◆ Assignment:
Return the line containing "This screenshot has height=1307, width=924." and every line beneath it through the end of the entries below, unchanged. Pictures stay out.
————
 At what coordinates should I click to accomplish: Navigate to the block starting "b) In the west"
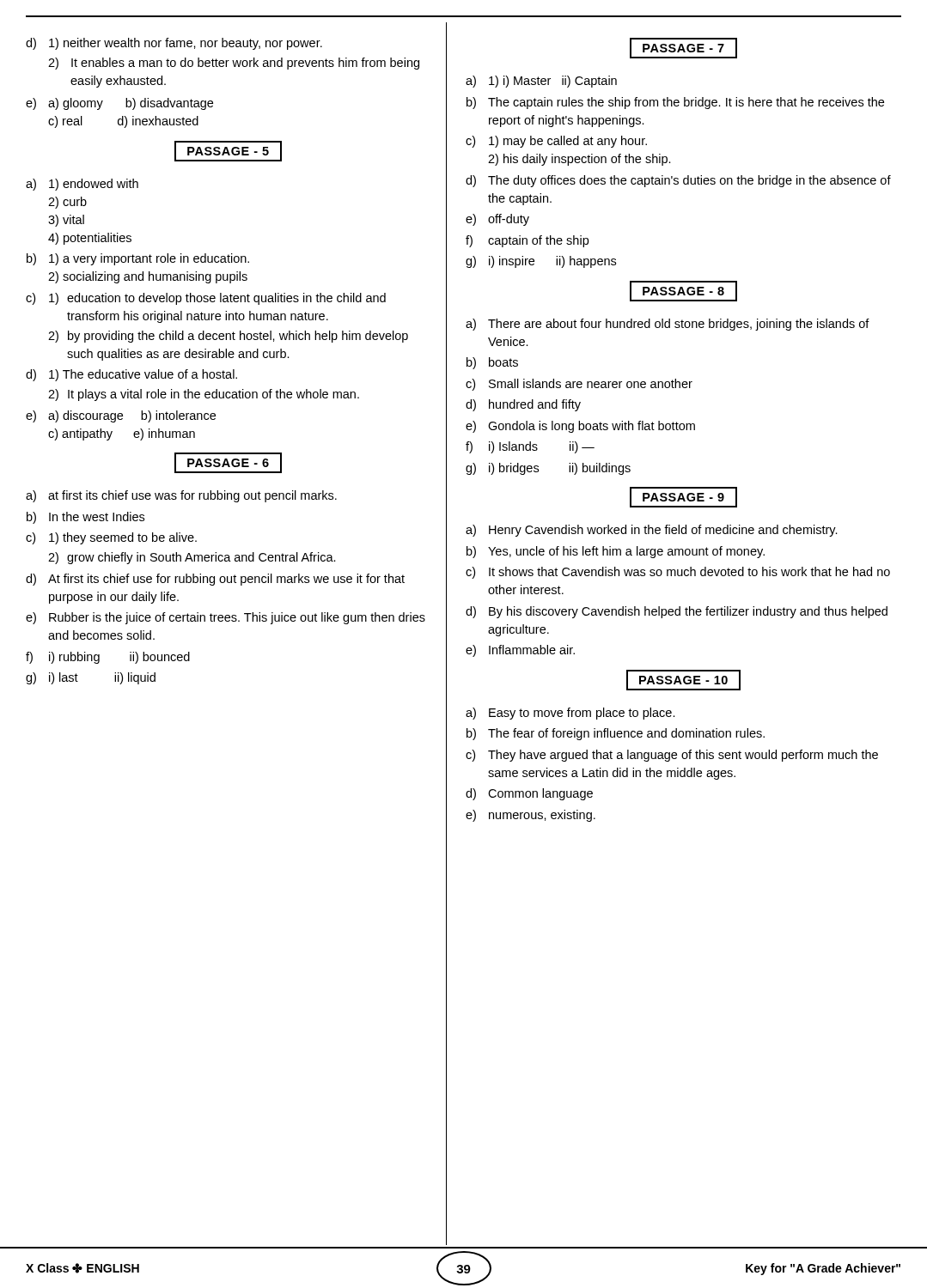click(85, 518)
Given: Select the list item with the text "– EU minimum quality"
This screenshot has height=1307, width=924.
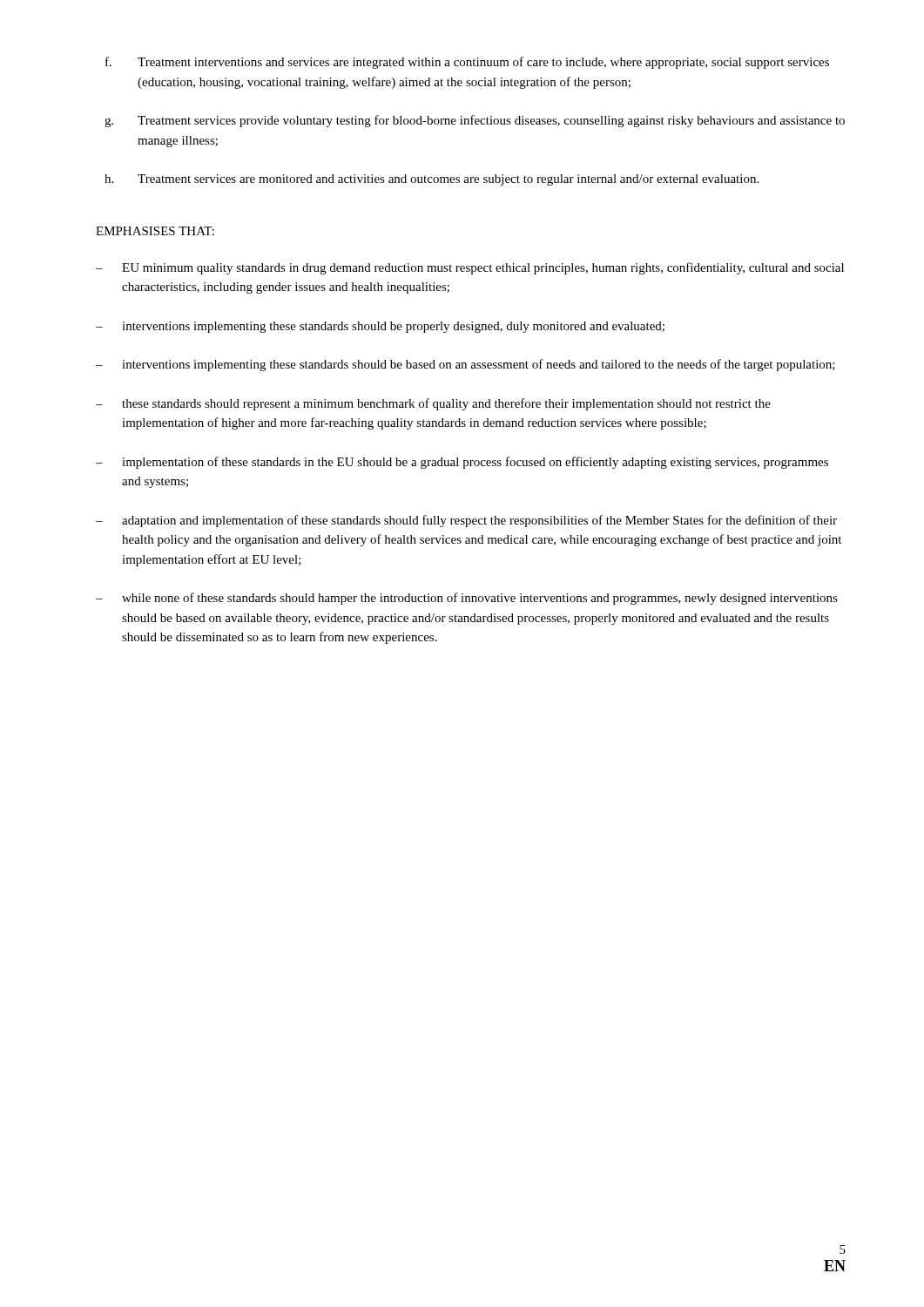Looking at the screenshot, I should pos(471,277).
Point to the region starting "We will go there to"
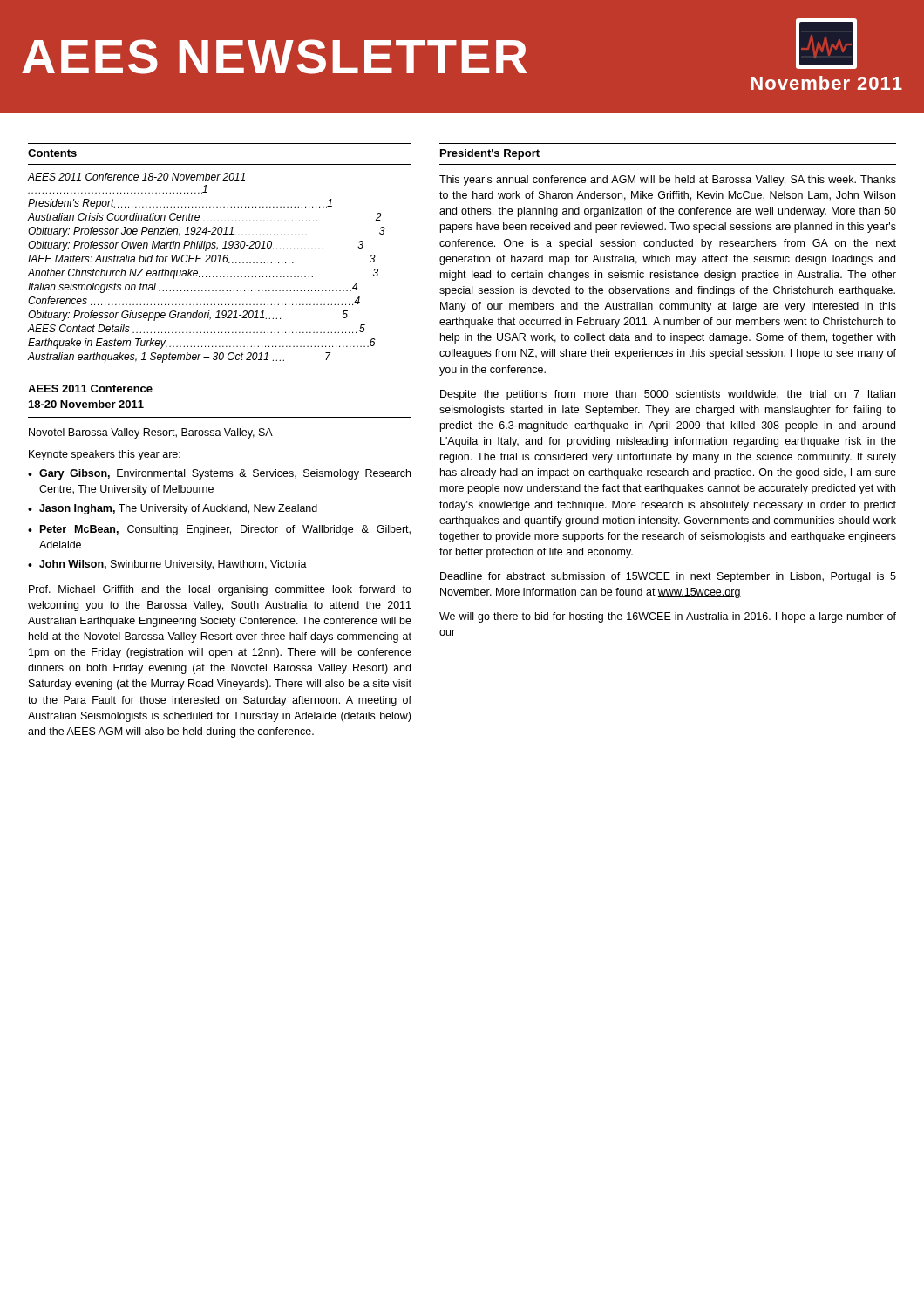Image resolution: width=924 pixels, height=1308 pixels. [x=668, y=625]
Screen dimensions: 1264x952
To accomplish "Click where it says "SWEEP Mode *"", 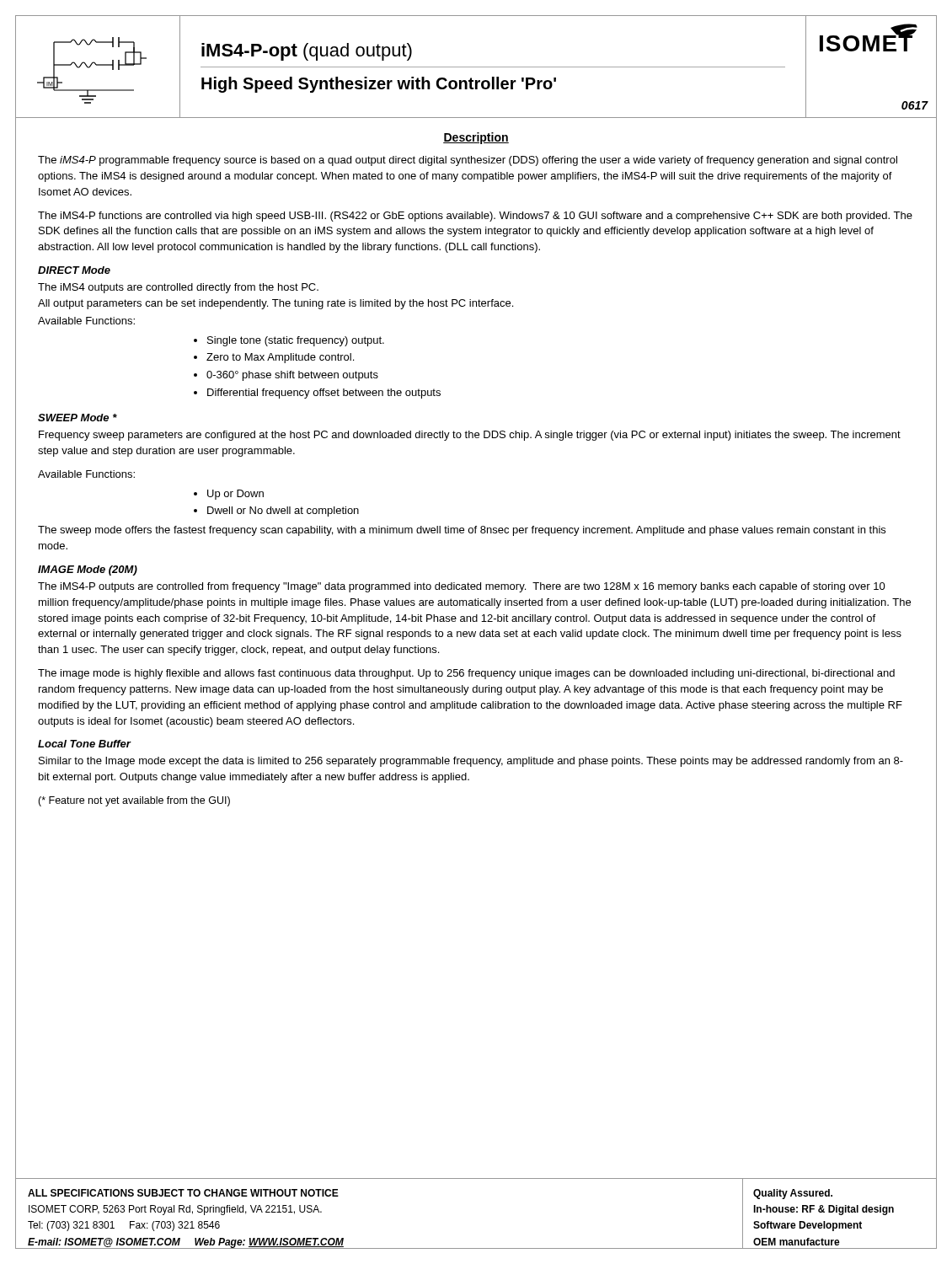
————
◆ Exercise answer:
This screenshot has height=1307, width=924.
Looking at the screenshot, I should pos(471,277).
Point to the region starting "We will go there to"
Image resolution: width=924 pixels, height=1308 pixels. [x=668, y=625]
Screen dimensions: 1264x952
To accomplish "Click where it says "SWEEP Mode *"", 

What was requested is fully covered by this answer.